[Task]: Among the records below, find the line that has "text (when (autoload-if-found [119, 1147, 1121, 1169]"; from there, give the lines again exactly, and stop after the line that has "text (if (require".
[[ Stored data, beginning ]]
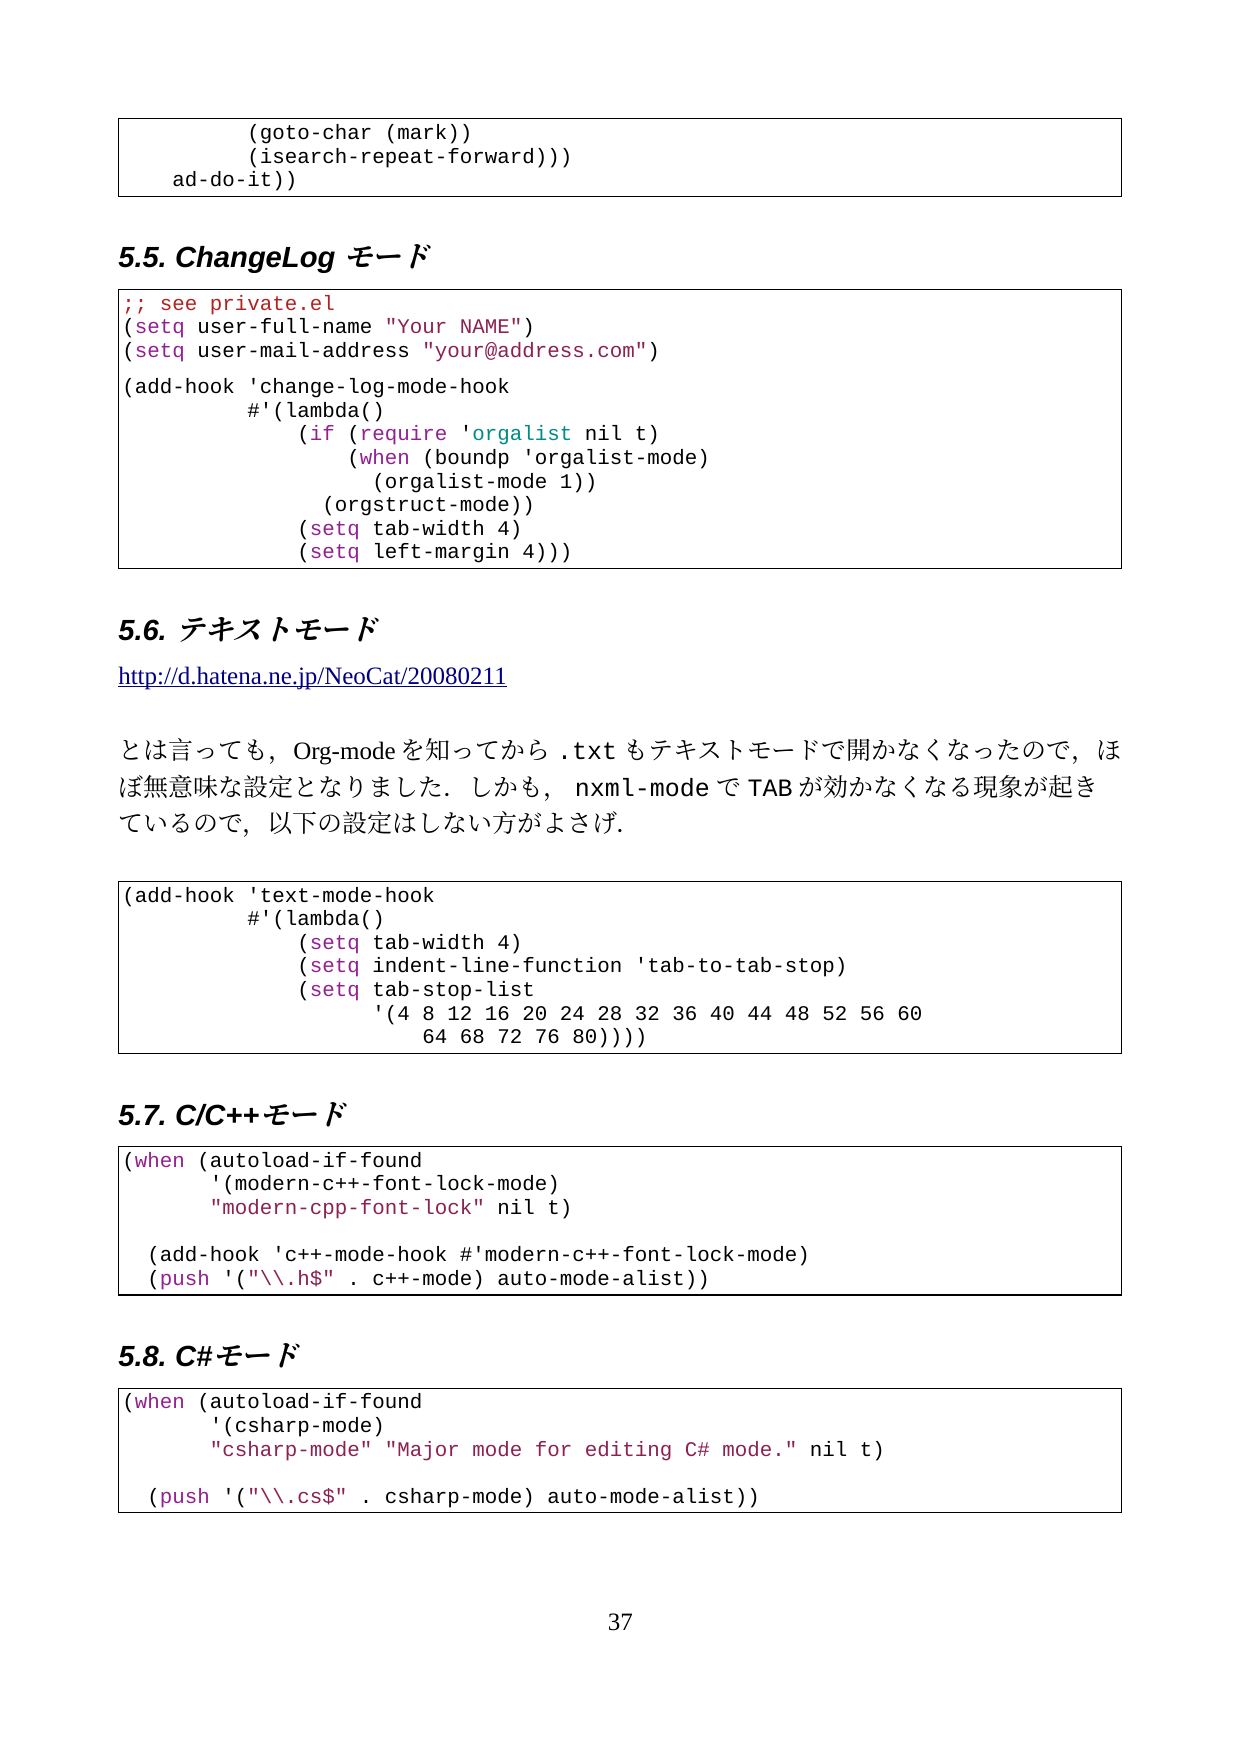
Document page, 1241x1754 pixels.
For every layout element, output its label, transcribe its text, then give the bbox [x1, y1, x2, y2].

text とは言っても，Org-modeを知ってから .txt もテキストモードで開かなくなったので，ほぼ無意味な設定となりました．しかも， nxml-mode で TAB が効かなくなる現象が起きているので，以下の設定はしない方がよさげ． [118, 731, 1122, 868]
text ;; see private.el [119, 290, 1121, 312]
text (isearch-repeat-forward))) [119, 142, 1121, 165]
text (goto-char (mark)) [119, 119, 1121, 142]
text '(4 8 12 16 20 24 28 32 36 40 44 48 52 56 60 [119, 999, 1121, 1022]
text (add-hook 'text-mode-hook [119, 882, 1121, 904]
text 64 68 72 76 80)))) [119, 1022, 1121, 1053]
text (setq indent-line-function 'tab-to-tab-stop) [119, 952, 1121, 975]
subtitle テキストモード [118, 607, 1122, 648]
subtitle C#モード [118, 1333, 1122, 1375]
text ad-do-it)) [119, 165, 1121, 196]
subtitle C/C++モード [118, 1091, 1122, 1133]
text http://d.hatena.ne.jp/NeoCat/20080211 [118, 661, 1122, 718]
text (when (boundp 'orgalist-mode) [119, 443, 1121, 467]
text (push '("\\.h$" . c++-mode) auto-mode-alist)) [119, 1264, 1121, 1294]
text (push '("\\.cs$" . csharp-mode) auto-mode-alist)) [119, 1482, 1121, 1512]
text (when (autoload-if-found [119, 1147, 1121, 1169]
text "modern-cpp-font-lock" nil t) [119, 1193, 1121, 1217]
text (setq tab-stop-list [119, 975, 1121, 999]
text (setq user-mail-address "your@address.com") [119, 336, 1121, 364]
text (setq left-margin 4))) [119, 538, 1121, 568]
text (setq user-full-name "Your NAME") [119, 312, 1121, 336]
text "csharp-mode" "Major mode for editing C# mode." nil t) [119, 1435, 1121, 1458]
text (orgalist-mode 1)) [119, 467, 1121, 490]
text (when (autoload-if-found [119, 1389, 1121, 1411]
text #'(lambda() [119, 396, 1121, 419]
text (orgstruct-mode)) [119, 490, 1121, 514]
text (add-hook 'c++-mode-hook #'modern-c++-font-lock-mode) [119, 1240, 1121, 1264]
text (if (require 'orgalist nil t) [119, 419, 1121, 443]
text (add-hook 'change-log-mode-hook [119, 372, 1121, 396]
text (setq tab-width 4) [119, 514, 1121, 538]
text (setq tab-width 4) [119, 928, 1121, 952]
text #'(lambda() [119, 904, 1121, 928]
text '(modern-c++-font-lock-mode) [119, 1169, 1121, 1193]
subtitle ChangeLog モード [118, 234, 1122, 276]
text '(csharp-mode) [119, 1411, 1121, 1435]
[[ Stored data, end ]]
[Task result]:
text (when (autoload-if-found [119, 1147, 1121, 1169]
text "modern-cpp-font-lock" nil t) [119, 1193, 1121, 1217]
text (setq tab-stop-list [119, 975, 1121, 999]
text (setq user-mail-address "your@address.com") [119, 336, 1121, 364]
text (setq left-margin 4))) [119, 538, 1121, 568]
text (setq user-full-name "Your NAME") [119, 312, 1121, 336]
text "csharp-mode" "Major mode for editing C# mode." nil t) [119, 1435, 1121, 1458]
text (orgalist-mode 1)) [119, 467, 1121, 490]
text (when (autoload-if-found [119, 1389, 1121, 1411]
text #'(lambda() [119, 396, 1121, 419]
text (orgstruct-mode)) [119, 490, 1121, 514]
text (add-hook 'c++-mode-hook #'modern-c++-font-lock-mode) [119, 1240, 1121, 1264]
text (if (require 'orgalist nil t) [119, 419, 1121, 443]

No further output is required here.